PROBLEM TO WORK ON | Report each line from the data below that holds the word "October".

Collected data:
=-=-=
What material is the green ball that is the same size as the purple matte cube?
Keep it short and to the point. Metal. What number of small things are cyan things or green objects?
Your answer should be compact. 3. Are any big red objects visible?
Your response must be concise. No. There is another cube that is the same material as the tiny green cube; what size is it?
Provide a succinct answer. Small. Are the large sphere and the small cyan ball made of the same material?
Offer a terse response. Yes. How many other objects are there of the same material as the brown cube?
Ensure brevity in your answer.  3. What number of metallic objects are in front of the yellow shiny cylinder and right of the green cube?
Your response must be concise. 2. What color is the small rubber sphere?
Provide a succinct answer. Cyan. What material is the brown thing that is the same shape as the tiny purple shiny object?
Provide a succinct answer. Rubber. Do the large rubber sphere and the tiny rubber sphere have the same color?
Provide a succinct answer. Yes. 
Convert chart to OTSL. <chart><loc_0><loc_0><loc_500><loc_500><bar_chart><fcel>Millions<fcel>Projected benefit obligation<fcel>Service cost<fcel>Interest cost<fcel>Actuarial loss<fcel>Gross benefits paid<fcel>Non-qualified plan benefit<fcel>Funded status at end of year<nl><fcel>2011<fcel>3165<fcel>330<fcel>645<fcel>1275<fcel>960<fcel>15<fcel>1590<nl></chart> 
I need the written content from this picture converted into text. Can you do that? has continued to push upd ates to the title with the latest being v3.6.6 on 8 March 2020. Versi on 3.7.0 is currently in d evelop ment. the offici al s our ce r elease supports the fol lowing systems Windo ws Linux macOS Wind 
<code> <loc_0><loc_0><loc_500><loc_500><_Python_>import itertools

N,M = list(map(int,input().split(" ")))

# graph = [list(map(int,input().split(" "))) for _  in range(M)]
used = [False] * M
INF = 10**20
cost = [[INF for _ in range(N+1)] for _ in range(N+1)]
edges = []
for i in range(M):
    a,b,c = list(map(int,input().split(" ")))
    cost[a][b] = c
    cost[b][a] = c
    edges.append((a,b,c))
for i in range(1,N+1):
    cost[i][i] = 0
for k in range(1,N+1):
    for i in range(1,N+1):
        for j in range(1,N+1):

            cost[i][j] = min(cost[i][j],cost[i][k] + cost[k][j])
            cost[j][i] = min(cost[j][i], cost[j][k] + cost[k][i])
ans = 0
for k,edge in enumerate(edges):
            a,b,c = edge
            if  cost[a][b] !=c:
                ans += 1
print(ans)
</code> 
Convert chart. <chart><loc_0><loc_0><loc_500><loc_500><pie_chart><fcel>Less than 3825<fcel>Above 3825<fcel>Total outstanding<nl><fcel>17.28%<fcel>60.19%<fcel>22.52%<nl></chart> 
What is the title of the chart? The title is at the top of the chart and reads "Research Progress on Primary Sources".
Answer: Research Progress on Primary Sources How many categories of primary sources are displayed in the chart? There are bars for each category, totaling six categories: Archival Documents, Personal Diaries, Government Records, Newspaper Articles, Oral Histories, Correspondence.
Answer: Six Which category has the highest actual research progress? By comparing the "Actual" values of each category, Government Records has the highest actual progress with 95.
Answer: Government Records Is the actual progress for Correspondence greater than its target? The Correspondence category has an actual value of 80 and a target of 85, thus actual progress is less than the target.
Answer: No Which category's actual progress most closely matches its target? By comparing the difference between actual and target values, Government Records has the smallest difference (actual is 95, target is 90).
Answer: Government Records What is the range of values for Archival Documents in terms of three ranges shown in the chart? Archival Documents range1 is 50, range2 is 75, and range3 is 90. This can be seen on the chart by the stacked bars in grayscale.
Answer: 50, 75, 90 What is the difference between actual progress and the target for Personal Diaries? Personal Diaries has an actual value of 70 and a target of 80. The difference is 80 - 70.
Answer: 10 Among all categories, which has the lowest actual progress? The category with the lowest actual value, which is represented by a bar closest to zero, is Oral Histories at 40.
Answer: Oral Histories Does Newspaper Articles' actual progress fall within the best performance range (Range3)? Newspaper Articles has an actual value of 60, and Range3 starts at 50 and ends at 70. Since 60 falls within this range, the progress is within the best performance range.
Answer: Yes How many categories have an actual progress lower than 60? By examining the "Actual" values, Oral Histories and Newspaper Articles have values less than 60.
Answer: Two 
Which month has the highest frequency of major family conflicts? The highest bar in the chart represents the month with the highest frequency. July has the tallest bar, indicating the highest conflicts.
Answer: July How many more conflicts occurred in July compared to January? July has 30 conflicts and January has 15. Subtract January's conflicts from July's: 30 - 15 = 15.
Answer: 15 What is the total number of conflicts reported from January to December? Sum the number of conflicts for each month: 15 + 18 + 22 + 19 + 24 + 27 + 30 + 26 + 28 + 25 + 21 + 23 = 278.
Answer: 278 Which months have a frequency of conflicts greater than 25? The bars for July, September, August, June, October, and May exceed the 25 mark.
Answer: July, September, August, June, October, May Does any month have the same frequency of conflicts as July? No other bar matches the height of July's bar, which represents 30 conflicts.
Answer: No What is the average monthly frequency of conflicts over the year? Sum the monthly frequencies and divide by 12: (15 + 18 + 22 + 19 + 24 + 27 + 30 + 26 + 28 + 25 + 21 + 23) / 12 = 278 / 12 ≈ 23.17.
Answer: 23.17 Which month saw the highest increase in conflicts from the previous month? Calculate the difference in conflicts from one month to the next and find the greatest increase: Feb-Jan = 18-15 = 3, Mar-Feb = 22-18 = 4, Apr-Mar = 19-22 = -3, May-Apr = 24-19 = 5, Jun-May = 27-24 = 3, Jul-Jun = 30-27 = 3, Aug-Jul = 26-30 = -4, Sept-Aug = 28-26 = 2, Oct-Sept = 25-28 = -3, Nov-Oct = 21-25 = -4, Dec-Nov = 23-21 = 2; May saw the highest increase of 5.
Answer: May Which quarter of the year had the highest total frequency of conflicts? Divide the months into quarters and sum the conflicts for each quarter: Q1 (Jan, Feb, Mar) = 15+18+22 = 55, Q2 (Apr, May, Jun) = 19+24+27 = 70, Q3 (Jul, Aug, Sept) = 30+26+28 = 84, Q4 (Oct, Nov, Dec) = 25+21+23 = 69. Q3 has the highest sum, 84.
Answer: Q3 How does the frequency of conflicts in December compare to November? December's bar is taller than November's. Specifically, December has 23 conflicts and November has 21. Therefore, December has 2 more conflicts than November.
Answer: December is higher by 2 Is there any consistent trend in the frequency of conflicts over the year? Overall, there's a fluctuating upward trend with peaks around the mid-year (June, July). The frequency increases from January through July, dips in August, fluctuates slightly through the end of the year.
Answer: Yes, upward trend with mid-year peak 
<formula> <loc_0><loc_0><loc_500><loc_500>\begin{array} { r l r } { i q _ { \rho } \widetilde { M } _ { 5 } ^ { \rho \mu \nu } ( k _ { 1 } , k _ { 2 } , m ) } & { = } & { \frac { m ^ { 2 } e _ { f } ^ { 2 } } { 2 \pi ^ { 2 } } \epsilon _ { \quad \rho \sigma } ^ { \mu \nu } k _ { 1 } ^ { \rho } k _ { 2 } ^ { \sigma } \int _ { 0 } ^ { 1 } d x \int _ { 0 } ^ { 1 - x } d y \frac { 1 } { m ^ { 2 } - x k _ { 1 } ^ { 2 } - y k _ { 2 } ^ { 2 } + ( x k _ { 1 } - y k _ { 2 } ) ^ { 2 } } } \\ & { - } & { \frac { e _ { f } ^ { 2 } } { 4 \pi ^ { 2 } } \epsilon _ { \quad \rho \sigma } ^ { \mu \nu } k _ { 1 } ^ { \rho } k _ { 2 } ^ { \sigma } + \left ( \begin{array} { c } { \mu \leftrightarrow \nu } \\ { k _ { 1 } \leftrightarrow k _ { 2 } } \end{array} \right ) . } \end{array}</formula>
=-=-=
SOLUTION TO THIS TASK |
Answer: 278 Which months have a frequency of conflicts greater than 25? The bars for July, September, August, June, October, and May exceed the 25 mark.
Answer: July, September, August, June, October, May Does any month have the same frequency of conflicts as July? No other bar matches the height of July's bar, which represents 30 conflicts.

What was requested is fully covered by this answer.